A dishwashing method using a cleaning composition containing a nonionic rinse agent composition for both cleaning and rinsing, the method comprising the following steps (a) and (b):
(A) contacting the dishes with the aqueous cleaning composition in an automatic dishwasher;
The aqueous cleaning composition comprises an aqueous diluent as a main component and 250 to 3000 parts by weight of alkaline dishwashing detergent per million parts by weight of the aqueous diluent.
(I) 10-60% by weight sodium carbonate, and
(Ii) 20 to 40% by weight of a rinse agent composition containing the following nonionic surfactant:
C _10-14 alkyl-O- (EO) ₁₂ -benzyl,
_C10-14 alkyl-O- (EO) _12.4 -benzyl, and
_{HO- (PO) 18 - (EO} ) 14 - (PO) 18 -H
(Here, EO is oxyethylene and PO is oxypropylene.)
(B) contacting the washed tableware with a potable water rinse for the purpose of removing aqueous residues, the aqueous rinse being substantially free of intentionally added rinse agents;
A dishwashing method comprising a nonionic surfactant sufficient for the alkaline dishwashing detergent to obtain an appropriate covering action in the drinking water rinse. A dishwashing method using a cleaning composition containing a nonionic rinse agent composition for both cleaning and rinsing, the method comprising the following steps (a) and (b):
(A) contacting the dishes with the aqueous cleaning composition in an automatic dishwasher;
The aqueous cleaning composition comprises an aqueous diluent as a main component and 250 to 3000 parts by weight of alkaline dishwashing detergent per million parts by weight of the aqueous diluent.

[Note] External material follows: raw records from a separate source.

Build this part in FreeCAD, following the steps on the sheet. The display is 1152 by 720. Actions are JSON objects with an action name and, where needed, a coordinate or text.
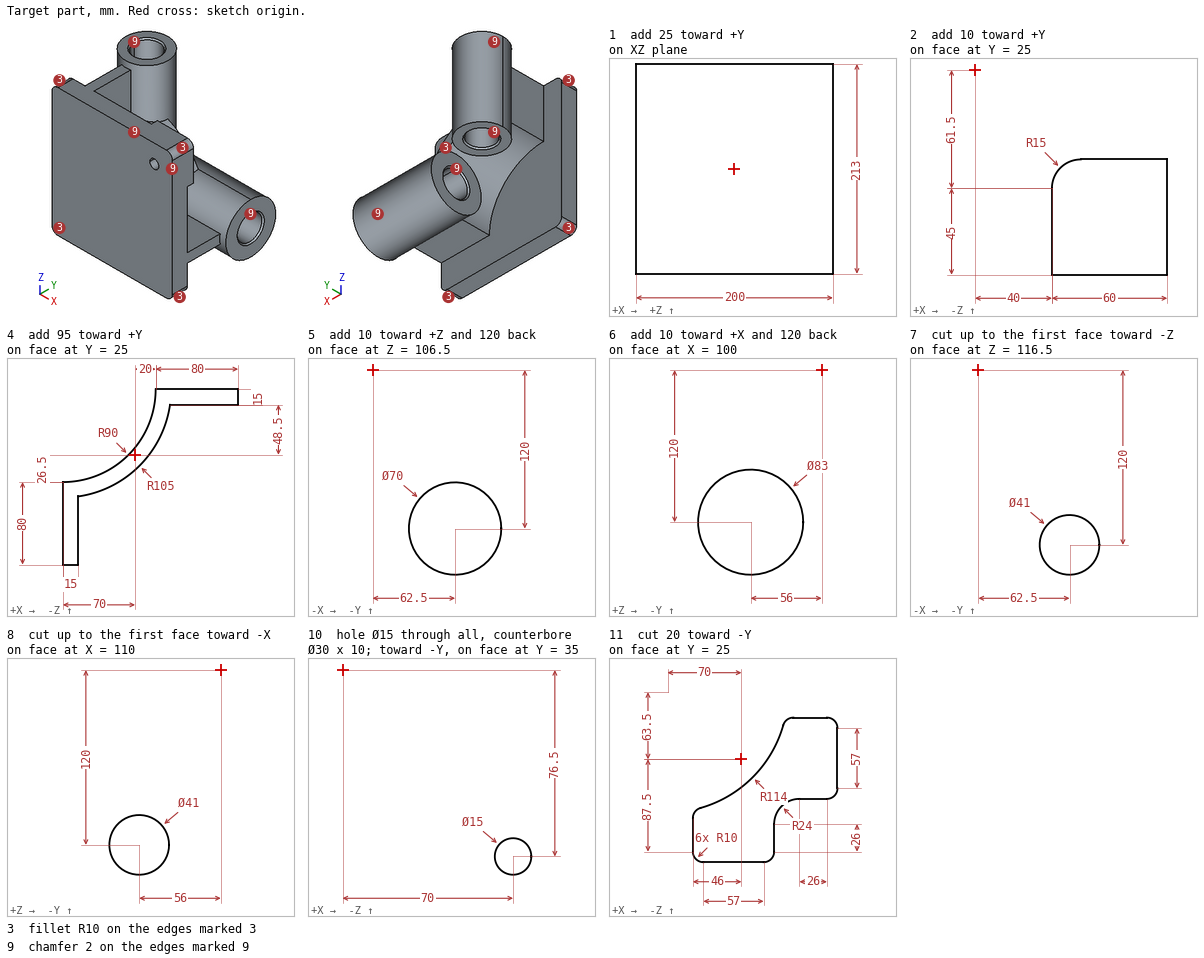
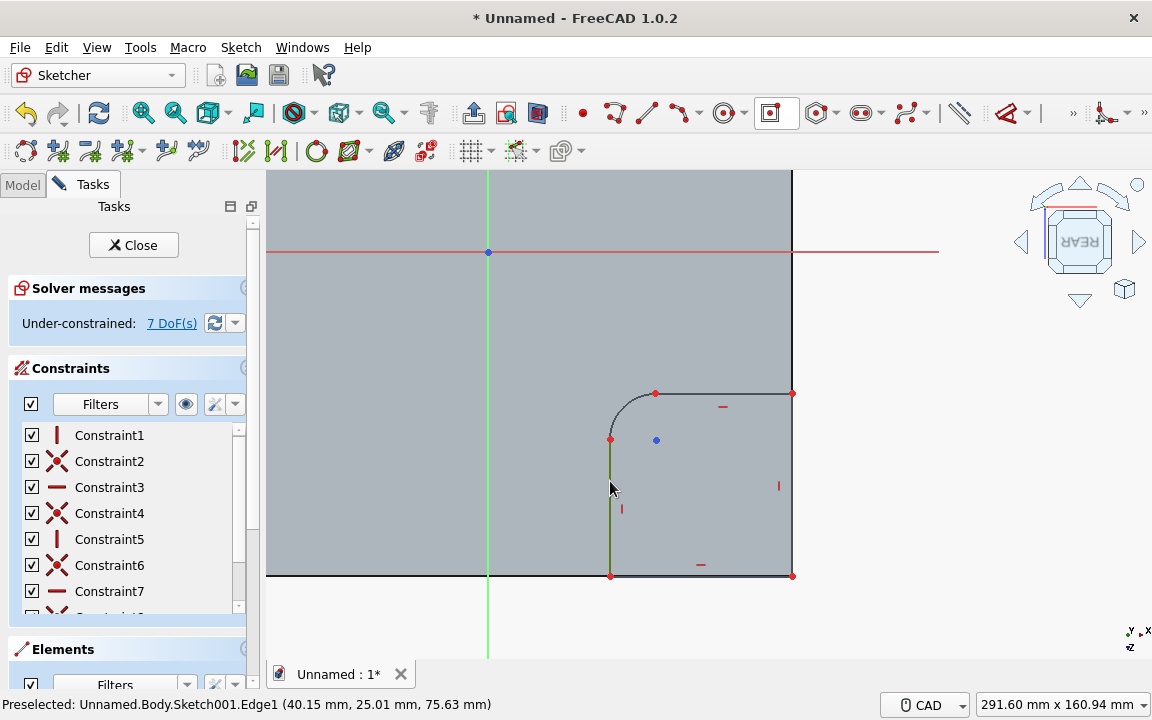
{"action": "left_click", "coordinate": [635, 399]}
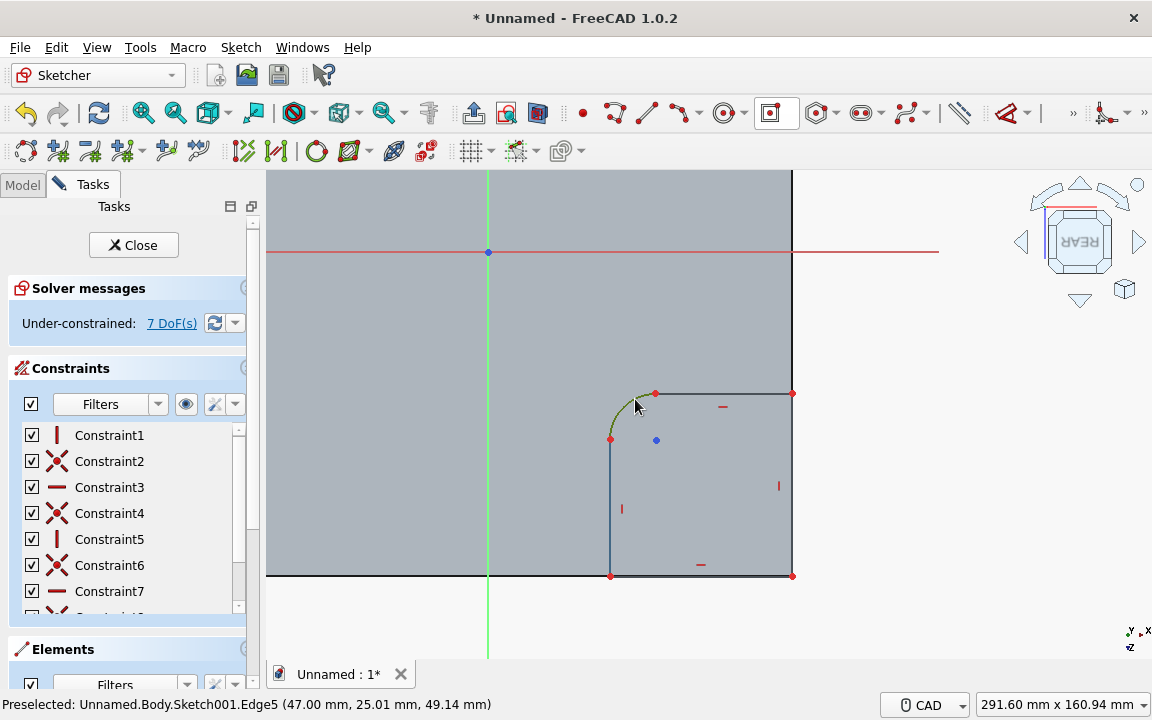
{"action": "key", "text": "t"}
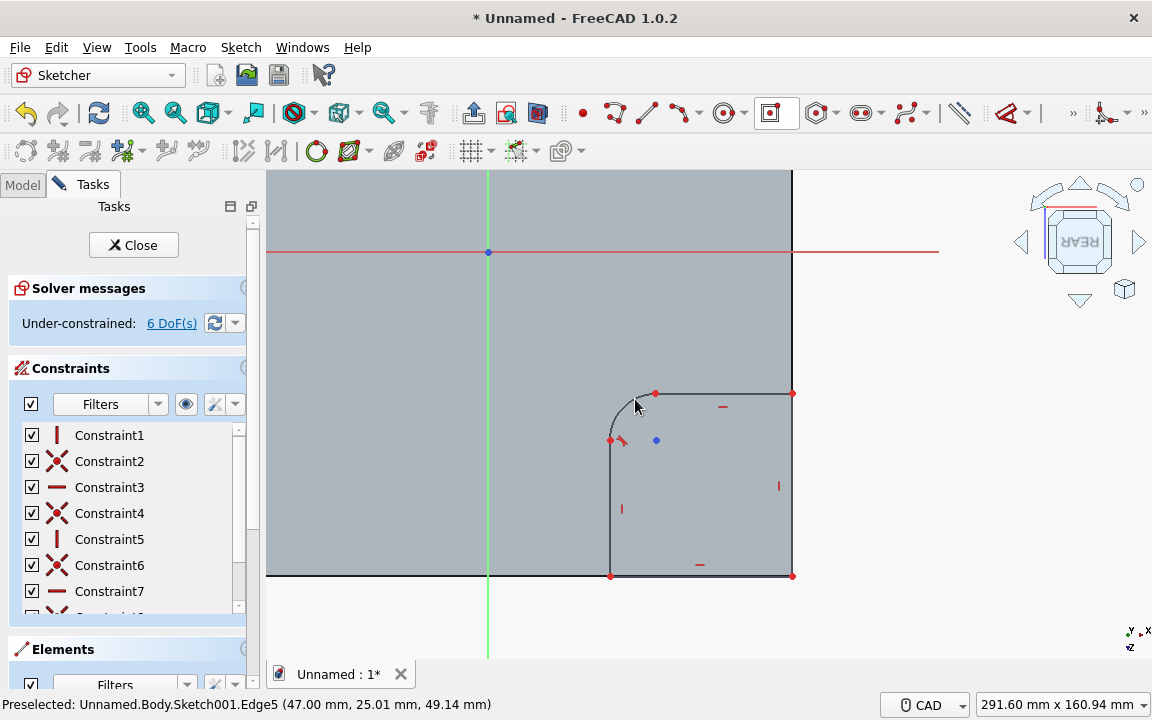
{"action": "left_click", "coordinate": [751, 394]}

(I) 10-60% by weight sodium carbonate, and
(Ii) 20 to 40% by weight of a rinse agent composition containing the following nonionic surfactant:
C _10-14 alkyl-O- (EO) ₁₂ -benzyl,
HO— (EO) ₁₈ — (PO) ₁₄ — (EO) ₁₈ —H, and
_{HO- (PO) 23 - (EO} ) 26 - (PO) 40 - (EO) 20 - (EO) 26 - (PO) 23 H
(Here, EO is oxyethylene and PO is oxypropylene.)

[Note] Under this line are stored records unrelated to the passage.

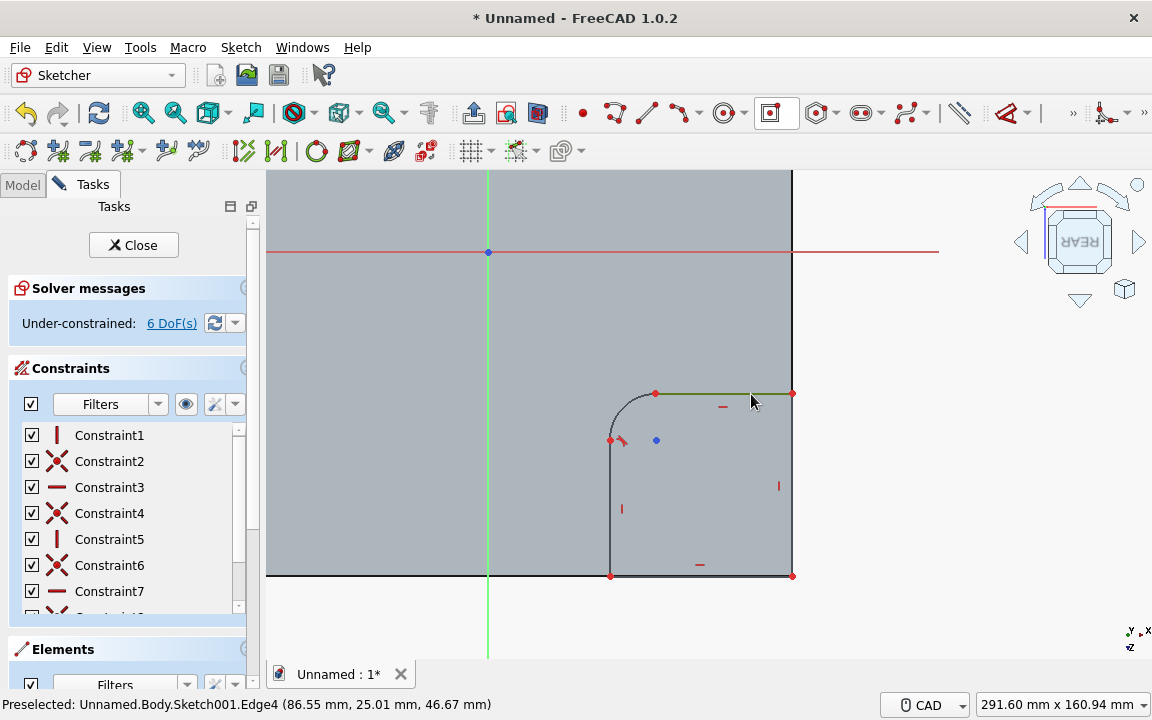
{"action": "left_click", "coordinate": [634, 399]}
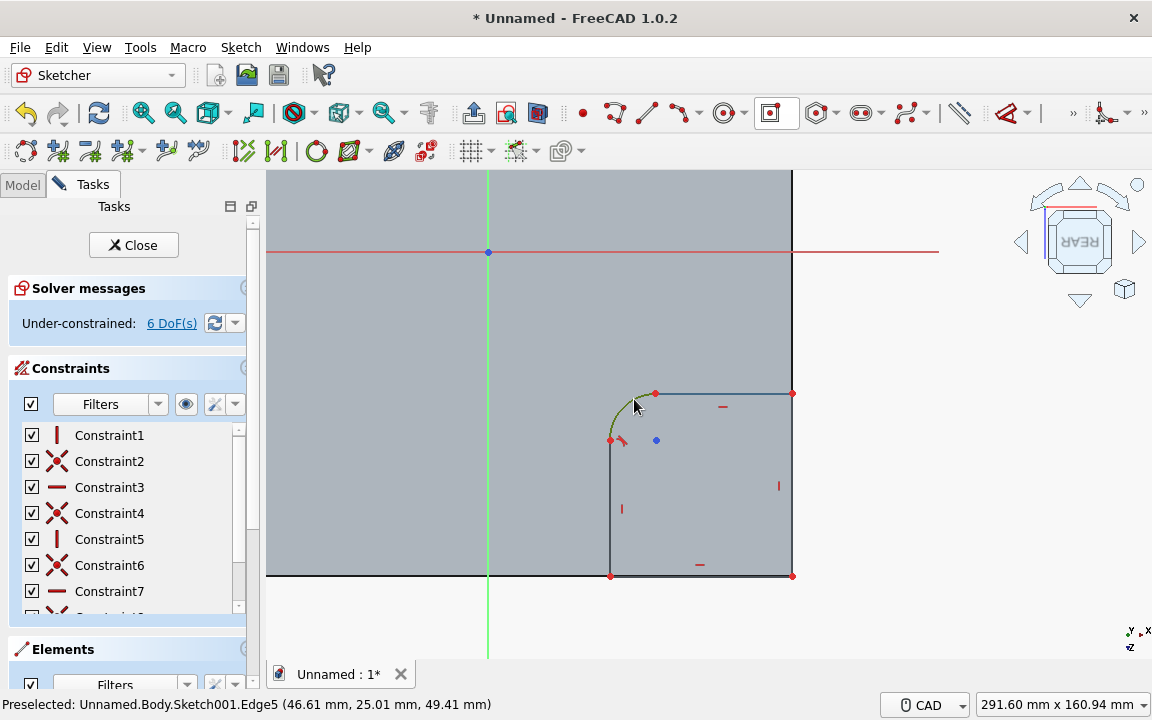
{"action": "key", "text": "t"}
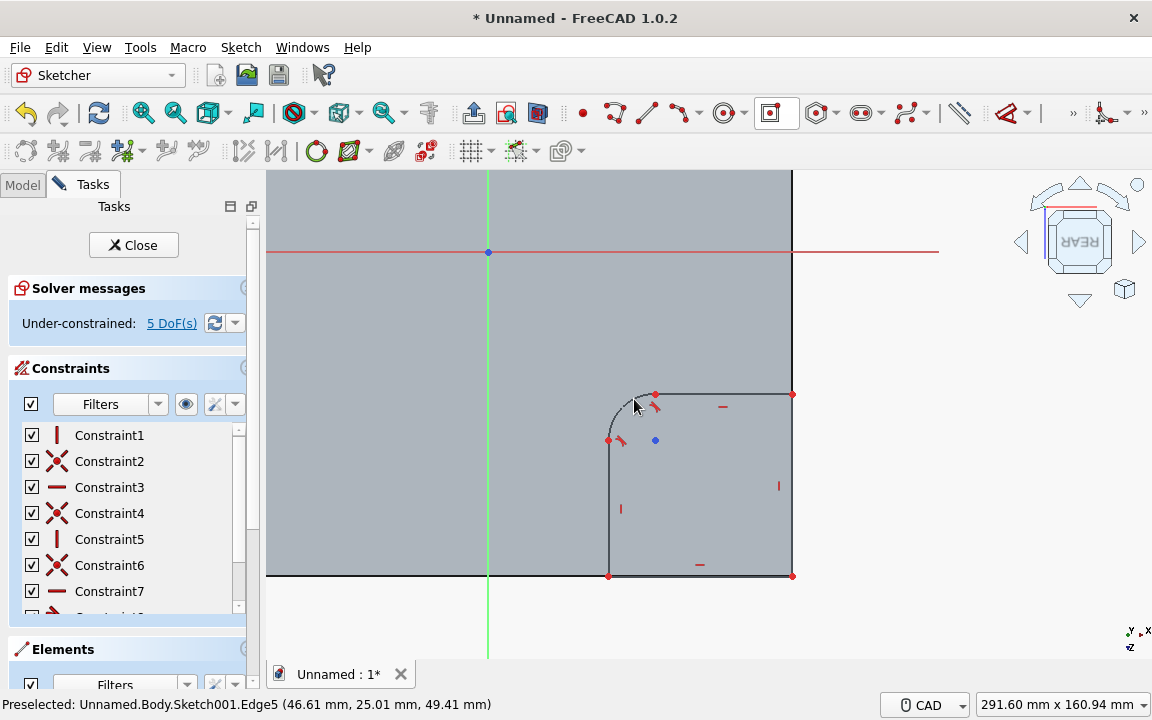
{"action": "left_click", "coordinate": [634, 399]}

(B) contacting the washed tableware with a potable water rinse for the purpose of removing aqueous residues, the aqueous rinse being substantially free of intentionally added rinse agents;
A dishwashing method comprising a nonionic surfactant sufficient for the alkaline dishwashing detergent to obtain an appropriate covering action in the drinking water rinse.